Im letzten Abschnitt der Arbeit sollten die Auswirkungen des heterozygoten Verlustes von Lin9 analysiert werden. Dabei zeigte sich, dass Lin9-haploinsuffiziente Zellen normal proliferieren, obwohl die Expression verschiedener G2/M-Gene leicht vermindert war. Es wurde jedoch eine Schwächung des mitotischen Spindelkontrollpunktes und in der Folge über mehrere Zellgenerationen eine Zunahme polyploider Zellen beobachtet. Mit Weichagar-Assays konnte gezeigt werden, dass bereits der heterozygote Verlust des Lin9-Gens zur onkogenen Transformation beiträgt.

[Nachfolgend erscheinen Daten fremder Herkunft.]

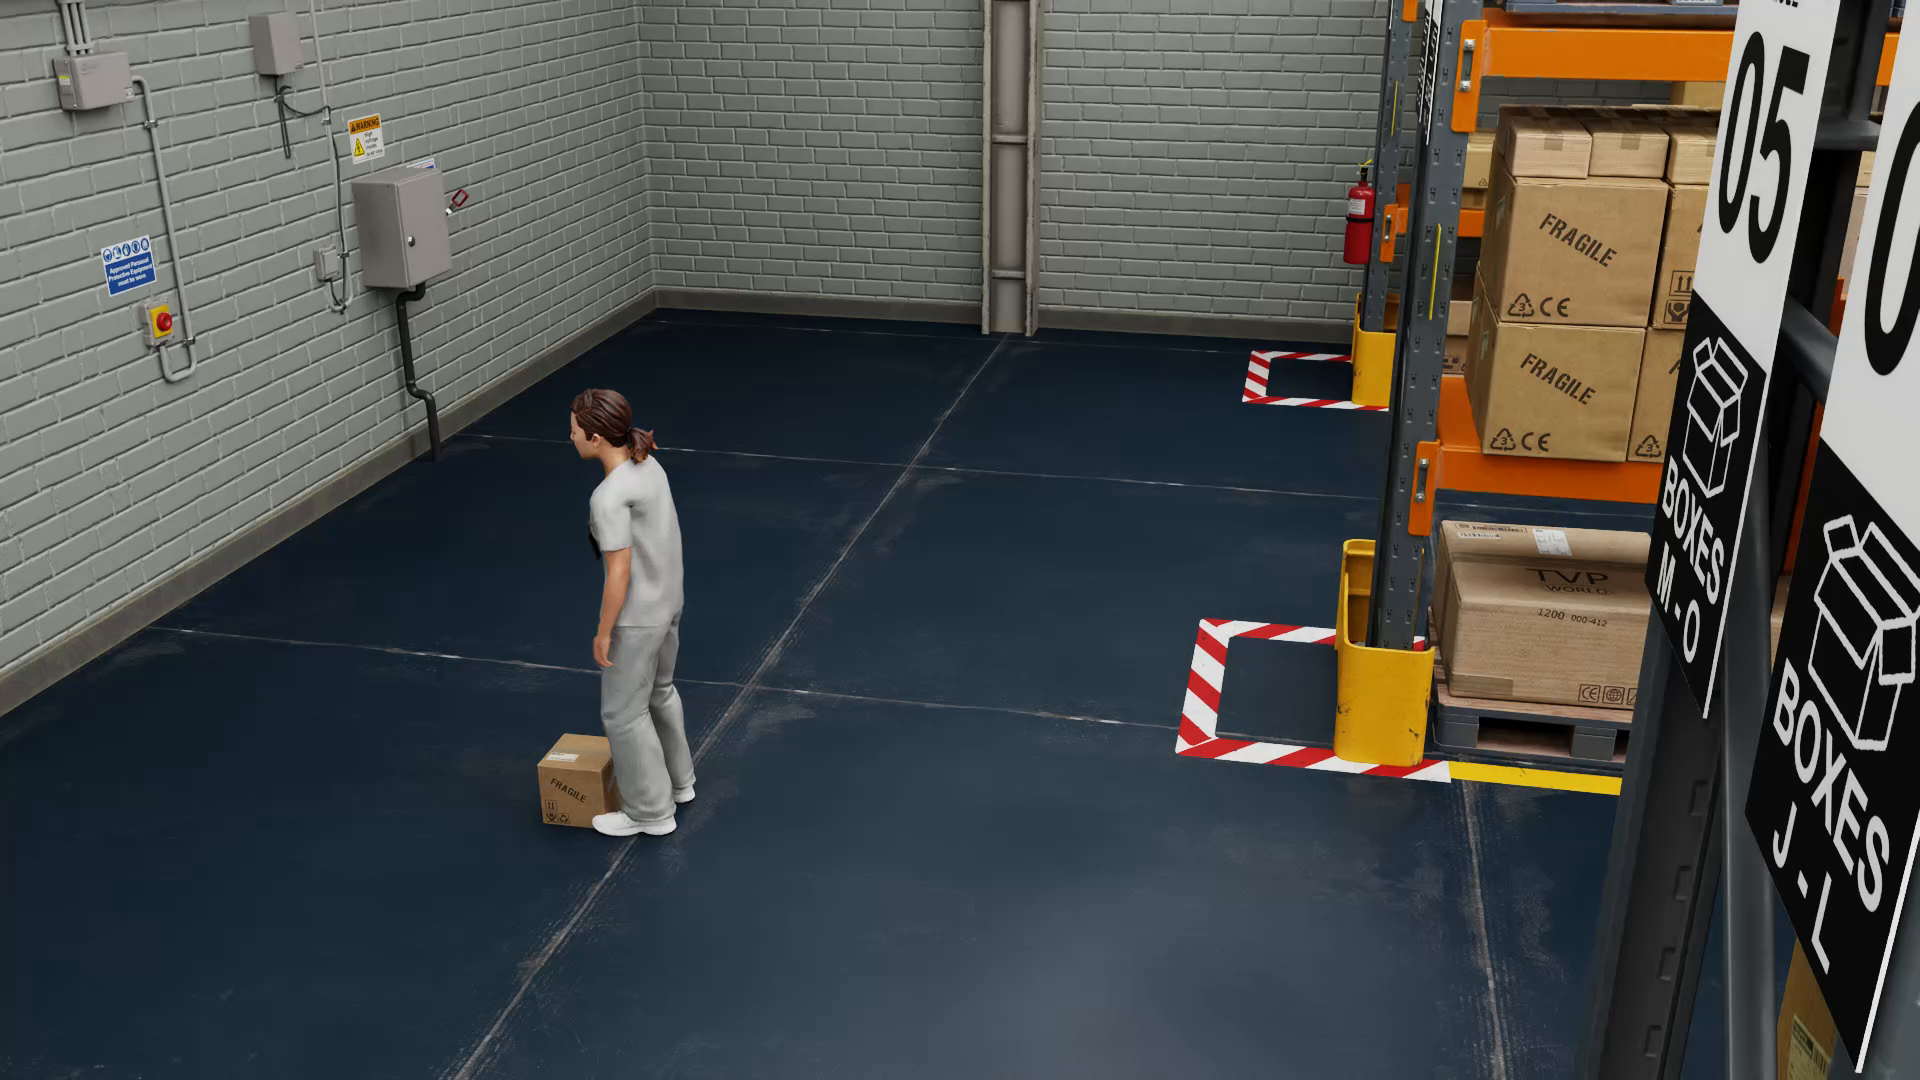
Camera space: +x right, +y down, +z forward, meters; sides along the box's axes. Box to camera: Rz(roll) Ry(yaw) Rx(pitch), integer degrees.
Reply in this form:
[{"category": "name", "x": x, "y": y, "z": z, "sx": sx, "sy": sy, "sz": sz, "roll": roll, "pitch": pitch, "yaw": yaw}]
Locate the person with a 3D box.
[{"category": "person", "x": -1.165, "y": 0.246, "z": 5.928, "sx": 0.353, "sy": 1.644, "sz": 0.511, "roll": 3, "pitch": 22, "yaw": 9}]
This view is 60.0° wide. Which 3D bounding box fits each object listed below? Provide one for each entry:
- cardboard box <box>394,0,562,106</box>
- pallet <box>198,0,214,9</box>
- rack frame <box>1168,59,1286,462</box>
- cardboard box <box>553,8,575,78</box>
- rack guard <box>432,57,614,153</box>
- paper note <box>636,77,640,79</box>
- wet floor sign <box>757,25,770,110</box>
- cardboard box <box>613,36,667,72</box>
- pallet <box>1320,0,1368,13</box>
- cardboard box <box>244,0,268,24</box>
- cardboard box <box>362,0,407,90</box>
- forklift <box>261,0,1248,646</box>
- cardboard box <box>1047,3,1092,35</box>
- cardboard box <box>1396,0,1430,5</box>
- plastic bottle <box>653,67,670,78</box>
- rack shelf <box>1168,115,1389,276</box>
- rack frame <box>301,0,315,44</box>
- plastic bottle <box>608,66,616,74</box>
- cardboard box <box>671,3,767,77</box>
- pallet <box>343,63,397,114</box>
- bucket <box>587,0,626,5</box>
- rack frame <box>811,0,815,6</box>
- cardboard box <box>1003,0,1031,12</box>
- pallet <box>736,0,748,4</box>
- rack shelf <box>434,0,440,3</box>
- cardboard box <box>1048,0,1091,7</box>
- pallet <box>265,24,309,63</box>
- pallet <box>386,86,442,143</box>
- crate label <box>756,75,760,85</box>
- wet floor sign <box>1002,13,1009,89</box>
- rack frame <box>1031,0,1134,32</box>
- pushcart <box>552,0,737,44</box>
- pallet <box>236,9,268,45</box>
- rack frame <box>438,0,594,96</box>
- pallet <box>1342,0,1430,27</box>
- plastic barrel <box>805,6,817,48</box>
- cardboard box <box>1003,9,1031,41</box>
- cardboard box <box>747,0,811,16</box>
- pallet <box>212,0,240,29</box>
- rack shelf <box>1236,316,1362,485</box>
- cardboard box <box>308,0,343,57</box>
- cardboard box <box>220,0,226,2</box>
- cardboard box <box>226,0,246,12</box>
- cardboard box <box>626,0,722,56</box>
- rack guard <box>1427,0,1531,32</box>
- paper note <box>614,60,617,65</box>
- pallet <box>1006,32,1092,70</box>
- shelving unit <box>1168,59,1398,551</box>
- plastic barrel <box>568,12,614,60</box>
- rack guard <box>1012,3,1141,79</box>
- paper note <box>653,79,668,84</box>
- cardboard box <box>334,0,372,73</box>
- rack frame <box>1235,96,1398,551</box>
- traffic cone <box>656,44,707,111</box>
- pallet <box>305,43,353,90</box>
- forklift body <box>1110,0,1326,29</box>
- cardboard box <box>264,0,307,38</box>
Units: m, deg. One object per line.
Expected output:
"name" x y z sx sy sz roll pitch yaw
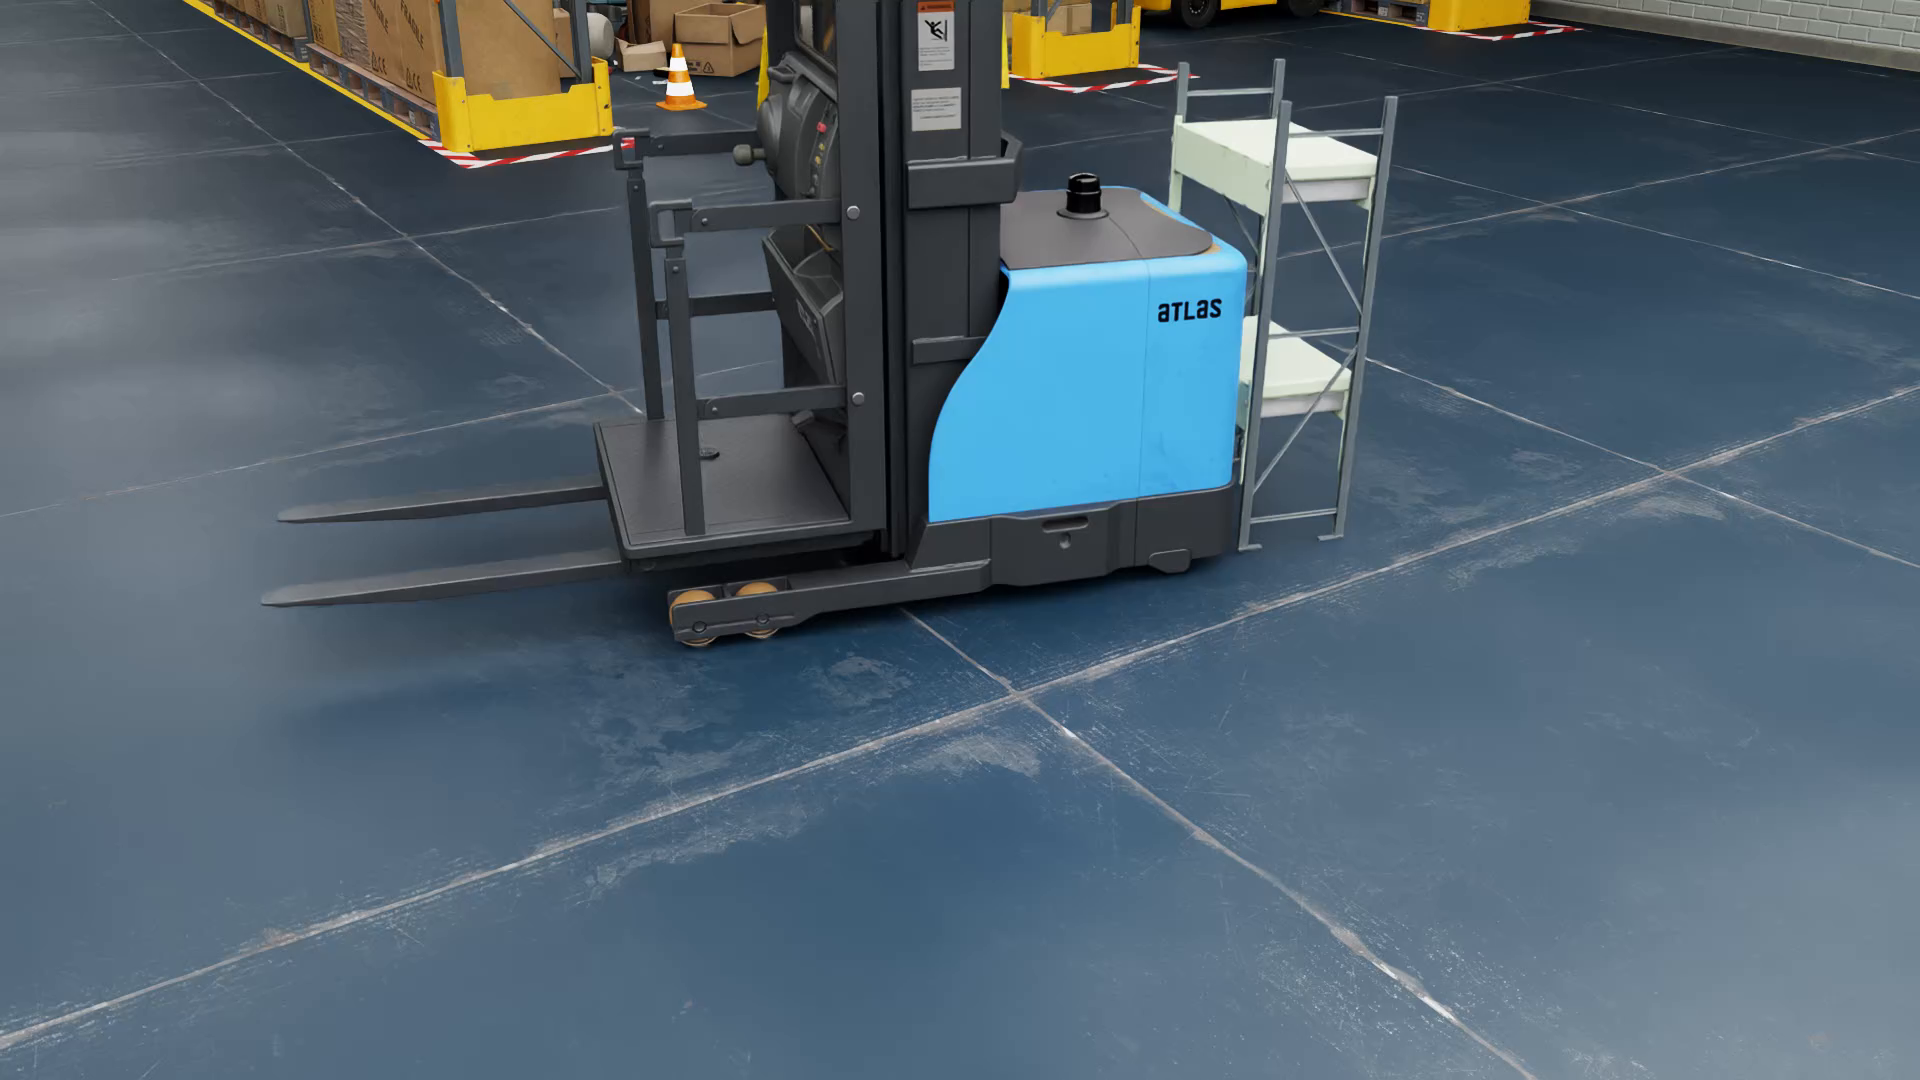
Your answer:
"cardboard box" -3.479 -3.649 11.963 0.875 0.875 0.875 -15 29 -29
"pallet" -7.846 -6.073 18.368 1.003 0.211 1.213 -16 29 -30
"rack frame" 0.923 -0.966 6.030 0.400 1.500 0.023 -7 26 -16
"cardboard box" -3.530 -4.178 14.013 0.500 0.500 0.500 -10 27 -21
"rack guard" -3.040 -3.054 11.634 1.175 0.500 0.348 -16 29 -30
"paper note" -2.701 -3.877 13.951 0.032 0.001 0.123 -1 25 -3
"wet floor sign" -1.379 -3.579 12.576 0.267 0.644 0.232 -22 33 -38
"cardboard box" -2.756 -4.202 14.340 0.396 0.266 0.258 -10 27 -21
"pallet" 4.081 -5.980 18.169 1.003 0.211 1.213 -16 29 -30
"cardboard box" -6.175 -5.343 15.698 1.050 0.750 0.750 -16 29 -30
"cardboard box" -3.961 -3.963 12.629 0.875 0.875 0.875 -16 30 -30
"forklift" -0.671 -1.254 4.972 3.031 2.935 1.130 -7 26 -15
"cardboard box" 0.830 -4.682 14.884 0.500 0.250 0.500 -16 30 -30
"cardboard box" 4.674 -5.582 16.789 0.500 0.250 0.500 -15 29 -29
"plastic bottle" -2.495 -3.954 14.054 0.283 0.061 0.133 18 31 33
"rack shelf" 1.041 -1.171 5.550 0.431 0.370 0.720 -7 26 -16
"rack frame" -5.237 -5.624 14.149 1.000 3.000 0.127 -16 29 -30
"plastic bottle" -3.062 -3.983 14.115 0.133 0.061 0.283 18 31 33
"cardboard box" -2.041 -4.292 14.252 0.637 0.503 0.797 7 26 15
"pallet" -4.217 -3.636 13.204 1.003 0.211 1.213 -16 29 -30
"bucket" -3.231 -5.319 15.558 0.726 0.611 0.620 -6 16 -12
"rack frame" -1.145 -6.813 16.669 1.000 3.000 0.127 -16 29 -30
"cardboard box" 0.383 -4.894 14.454 0.500 0.500 0.500 -15 29 -29
"pallet" -2.241 -6.267 18.779 1.003 0.211 1.213 -16 29 -30
"rack shelf" -4.145 -4.583 12.787 1.077 0.370 4.000 -16 29 -30
"cardboard box" 0.817 -5.030 14.741 0.500 0.500 0.500 -17 30 -31
"pallet" -5.721 -4.621 15.292 1.003 0.211 1.213 -16 29 -30
"pallet" -3.556 -3.200 12.281 1.003 0.211 1.213 -16 29 -30
"crate label" -1.502 -3.828 13.698 0.298 0.136 0.250 12 28 24
"wet floor sign" 0.246 -4.001 13.469 0.267 0.644 0.232 -6 26 -12
"rack frame" 1.039 -5.383 13.639 1.000 3.000 0.127 -16 29 -30
"pushcart" -3.028 -5.078 16.066 0.936 0.377 1.648 18 31 33
"pallet" -6.392 -5.058 16.217 1.003 0.211 1.213 -16 29 -30
"rack frame" -3.053 -4.193 11.118 1.000 3.000 0.127 -16 29 -30
"pallet" 4.743 -5.544 17.246 1.003 0.211 1.213 -16 29 -30
"plastic barrel" -1.357 -4.604 15.006 0.512 0.421 0.421 3 25 6
"cardboard box" 0.359 -4.564 14.634 0.500 0.250 0.500 -16 29 -30
"cardboard box" -1.700 -4.984 15.719 0.500 0.500 0.500 3 25 6
"pallet" -7.053 -5.494 17.140 1.003 0.211 1.213 -16 29 -30
"rack shelf" 1.029 -0.522 5.852 0.431 0.370 0.720 -7 26 -16
"cardboard box" -4.952 -4.612 14.002 0.875 0.875 0.875 -15 29 -29
"cardboard box" -7.164 -5.988 17.065 1.050 0.750 0.750 -16 30 -30
"cardboard box" -6.684 -5.676 16.404 1.050 0.750 0.750 -15 29 -29
"cardboard box" -2.559 -4.686 14.928 0.797 0.637 0.503 -16 29 -30
"rack guard" 5.209 -5.402 16.607 1.175 0.500 0.348 -16 29 -30
"paper note" -2.963 -4.218 14.659 0.172 0.023 0.155 -6 26 -12
"pallet" 0.583 -4.448 14.924 1.003 0.211 1.213 -16 29 -30
"shelving unit" 1.034 -0.817 5.714 0.431 1.500 0.755 -7 26 -16
"plastic barrel" -3.333 -4.410 14.597 0.512 0.421 0.421 3 25 6
"rack guard" 0.997 -4.280 14.230 1.175 0.500 0.348 -16 29 -30
"paper note" -2.464 -3.791 13.747 0.144 0.017 0.142 -6 26 -12
"cardboard box" -4.457 -4.290 13.321 0.875 0.875 0.875 -15 29 -29
"rack frame" 1.146 -0.668 5.399 0.400 1.500 0.023 -7 26 -16
"traffic cone" -2.154 -3.567 12.763 0.336 0.463 0.334 -16 29 -30
"pallet" -4.888 -4.072 14.130 1.003 0.211 1.213 -16 29 -30
"forklift body" 2.632 -6.410 16.809 2.313 2.155 1.214 -16 29 -30
"cardboard box" -5.651 -4.997 14.966 1.050 0.750 0.750 -16 29 -30
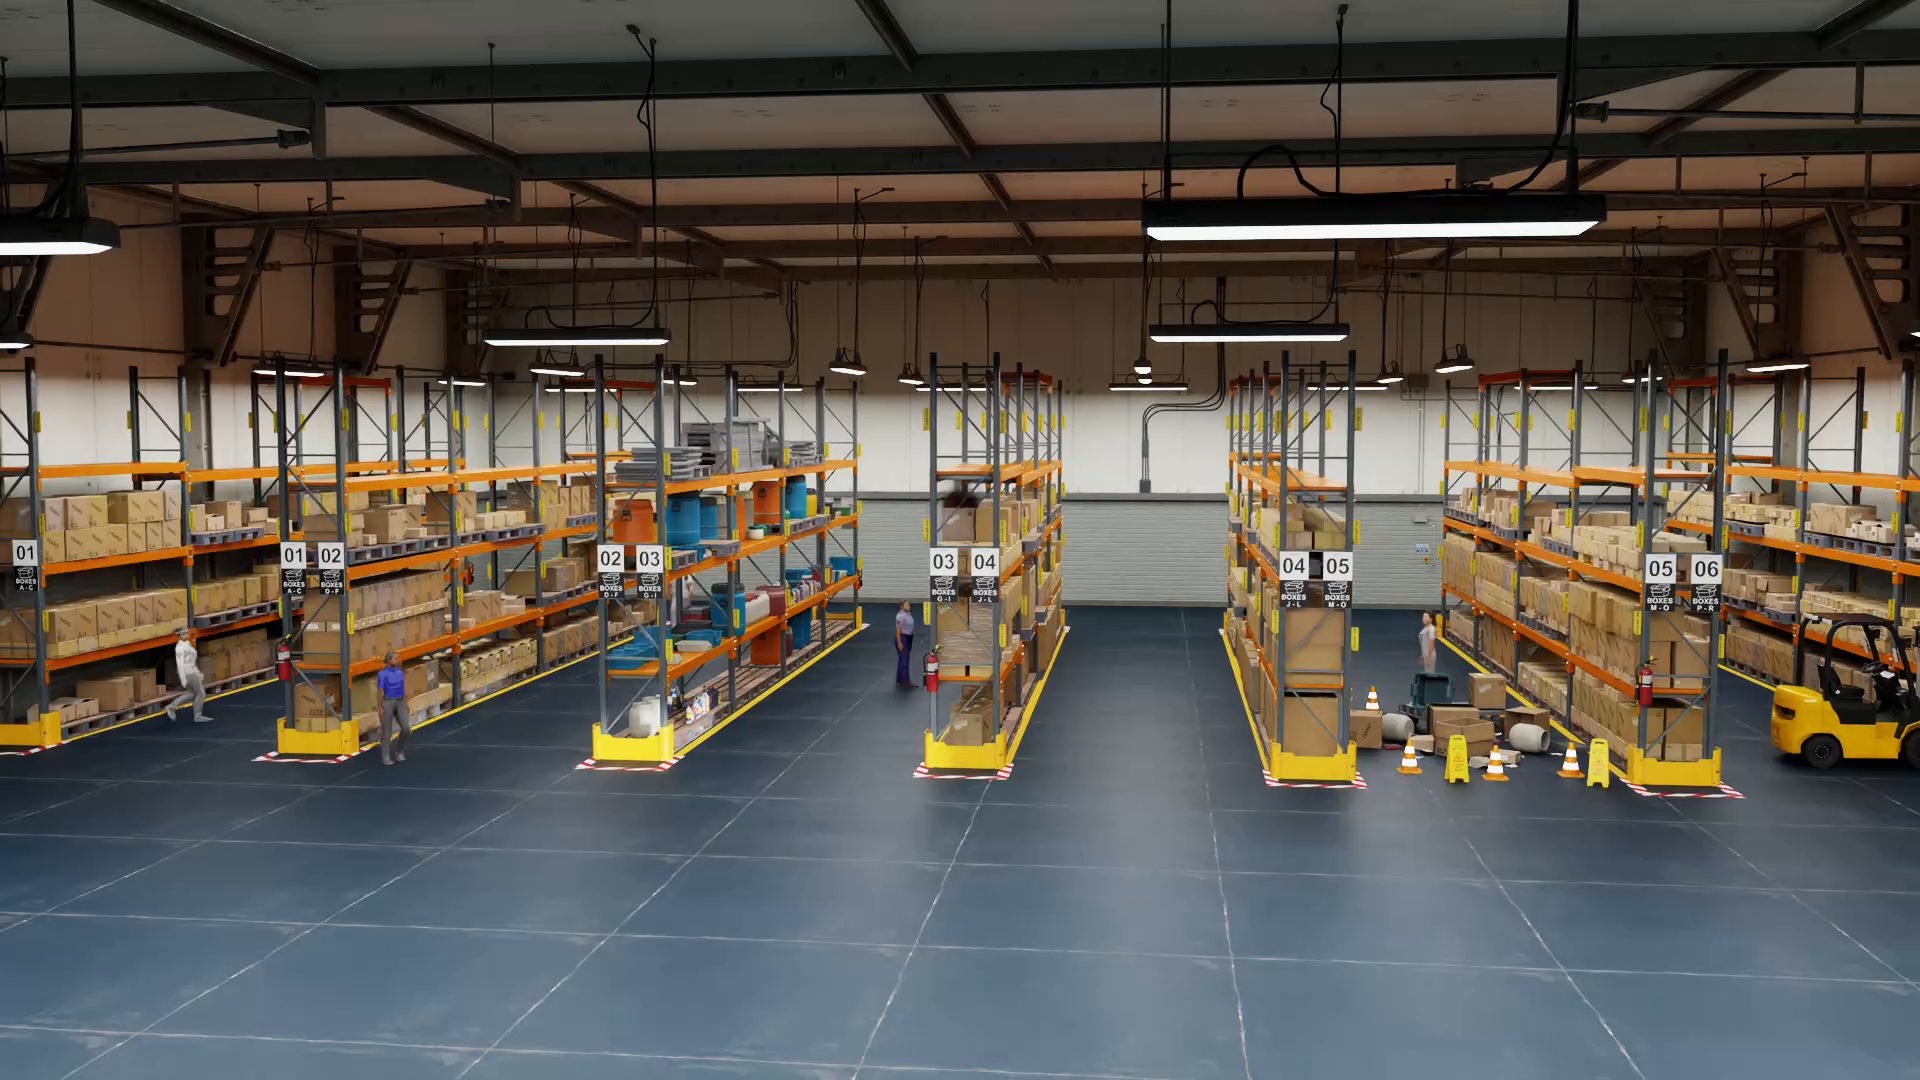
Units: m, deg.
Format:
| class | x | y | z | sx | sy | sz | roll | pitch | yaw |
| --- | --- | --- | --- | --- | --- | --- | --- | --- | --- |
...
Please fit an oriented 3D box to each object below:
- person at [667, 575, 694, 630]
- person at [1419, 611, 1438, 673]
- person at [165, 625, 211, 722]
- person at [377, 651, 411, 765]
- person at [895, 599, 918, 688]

Zusammengenommen dokumentieren diese Studien, dass LIN9 eine entscheidende Bedeutung bei der Regulation von Zellzyklus-assoziierten Genen spielt und sowohl einen essentiellen Faktor für die Zellproliferation darstellt als auch durch die Gewährleistung genomischer Stabilität tumorsuppressive Eigenschaften aufweist.